Loss Functions

Flux provides a large number of common loss functions used for training machine learning models.

Most loss functions in Flux have an optional argument agg, denoting the type of aggregation performed over the batch:

loss(ŷ, y; agg=mean)

Flux.mae — Function

mae(ŷ, y; agg=mean)

Return the loss corresponding to mean absolute error:

agg(abs.(ŷ .- y))

source

Flux.mse — Function

mse(ŷ, y; agg=mean)

Return the loss corresponding to mean square error:

agg((ŷ .- y).^2)

source

Flux.msle — Function

msle(ŷ, y; agg=mean, ϵ=eps(eltype(ŷ)))

The loss corresponding to mean squared logarithmic errors, calculated as

agg((log.(ŷ .+ ϵ) .- log.(y .+ ϵ)).^2)

The ϵ term provides numerical stability.

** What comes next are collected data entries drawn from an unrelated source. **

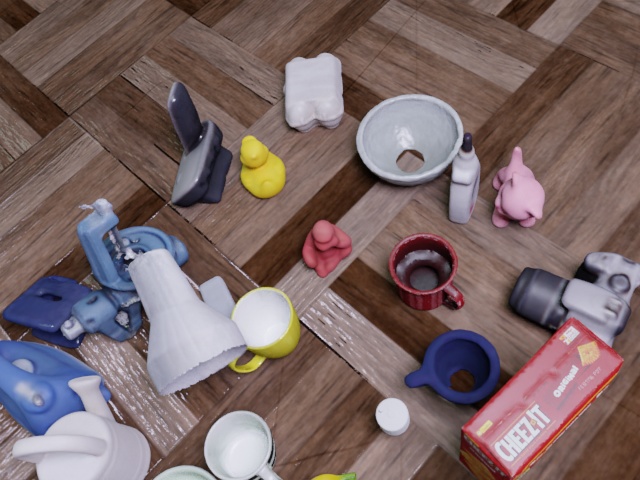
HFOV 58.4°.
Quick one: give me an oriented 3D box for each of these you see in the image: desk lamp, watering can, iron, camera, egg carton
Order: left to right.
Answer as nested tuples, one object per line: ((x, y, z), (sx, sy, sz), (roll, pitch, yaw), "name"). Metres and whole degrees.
((-0.435, 0.193, 0.819), (0.257, 0.142, 0.119), (23, 69, 22), "iron")
((-0.305, 0.263, 0.725), (0.101, 0.194, 0.172), (-26, 60, -2), "watering can")
((-0.173, 0.113, 0.766), (0.118, 0.214, 0.203), (-30, 61, -5), "desk lamp")
((-0.011, -0.263, 1.017), (0.107, 0.069, 0.150), (-7, 61, 8), "egg carton")
((0.330, 0.071, 0.750), (0.136, 0.101, 0.143), (25, 70, 23), "camera")

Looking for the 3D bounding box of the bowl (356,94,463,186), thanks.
((0.145, -0.149, 0.920), (0.167, 0.075, 0.167), (-5, 62, 9), "bowl")

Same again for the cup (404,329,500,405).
((0.167, 0.176, 0.732), (0.117, 0.095, 0.091), (-17, 60, 2), "cup")

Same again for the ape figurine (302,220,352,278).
((0.008, 0.003, 0.858), (0.077, 0.092, 0.076), (-7, 61, 8), "ape figurine")

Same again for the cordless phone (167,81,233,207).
((-0.220, -0.153, 0.934), (0.094, 0.185, 0.147), (-1, 62, 11), "cordless phone")

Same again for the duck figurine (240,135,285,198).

Penalizes an under-predicted estimate more than an over-predicted estimate.

source

Flux.huber_loss — Function

huber_loss(ŷ, y; δ=1, agg=mean)

Return the mean of the Huber loss given the prediction ŷ and true values y.

             | 0.5 * |ŷ - y|,            for |ŷ - y| <= δ
Huber loss = |
             |  δ * (|ŷ - y| - 0.5 * δ), otherwise

source

Flux.crossentropy — Function

crossentropy(ŷ, y; weight=nothing, dims=1, ϵ=eps(eltype(ŷ)), agg=mean)

Return the cross entropy between the given probability distributions; calculated as

agg(.-sum(weight .* y .* log.(ŷ .+ ϵ); dims=dims))agg=mean,

weight can be nothing, a number or an array. weight=nothing acts like weight=1 but is faster.

source

Flux.logitcrossentropy — Function

logitcrossentropy(ŷ, y; weight=nothing, agg=mean, dims=1)

Return the crossentropy computed after a Flux.logsoftmax operation; calculated as

agg(.-sum(weight .* y .* logsoftmax(ŷ; dims=dims); dims=dims))

logitcrossentropy(ŷ, y) is mathematically equivalent to Flux.crossentropy(softmax(log.(ŷ)), y) but it is more numerically stable.

source

Flux.binarycrossentropy — Function

binarycrossentropy(ŷ, y; ϵ=eps(ŷ))

Return $-y*\log(ŷ + ϵ) - (1-y)*\log(1-ŷ + ϵ)$. The ϵ term provides numerical stability.

Typically, the prediction ŷ is given by the output of a sigmoid activation.

source

Flux.logitbinarycrossentropy — Function

logitbinarycrossentropy(ŷ, y; agg=mean)

logitbinarycrossentropy(ŷ, y) is mathematically equivalent to Flux.binarycrossentropy(σ(log(ŷ)), y) but it is more numerically stable.

source

Flux.kldivergence — Function

kldivergence(ŷ, y; dims=1, agg=mean, ϵ=eps(eltype(ŷ)))

Return the Kullback-Leibler divergence between the given arrays interpreted as probability distributions.

KL divergence is a measure of how much one probability distribution is different from the other. It is always non-negative and zero only when both the distributions are equal everywhere.

source

Flux.poisson_loss — Function

poisson_loss(ŷ, y; agg=mean, ϵ=eps(eltype(ŷ))))

Return how much the predicted distribution ŷ diverges from the expected Poisson

distribution y; calculated as sum(ŷ .- y .* log.(ŷ)) / size(y, 2).

REDO More information..

source

Flux.hinge — Function

hinge(ŷ, y; agg=mean)

Return the hinge loss given the prediction ŷ and true labels y (containing 1 or -1); calculated as agg(max.(0, 1 .- ŷ .* y)).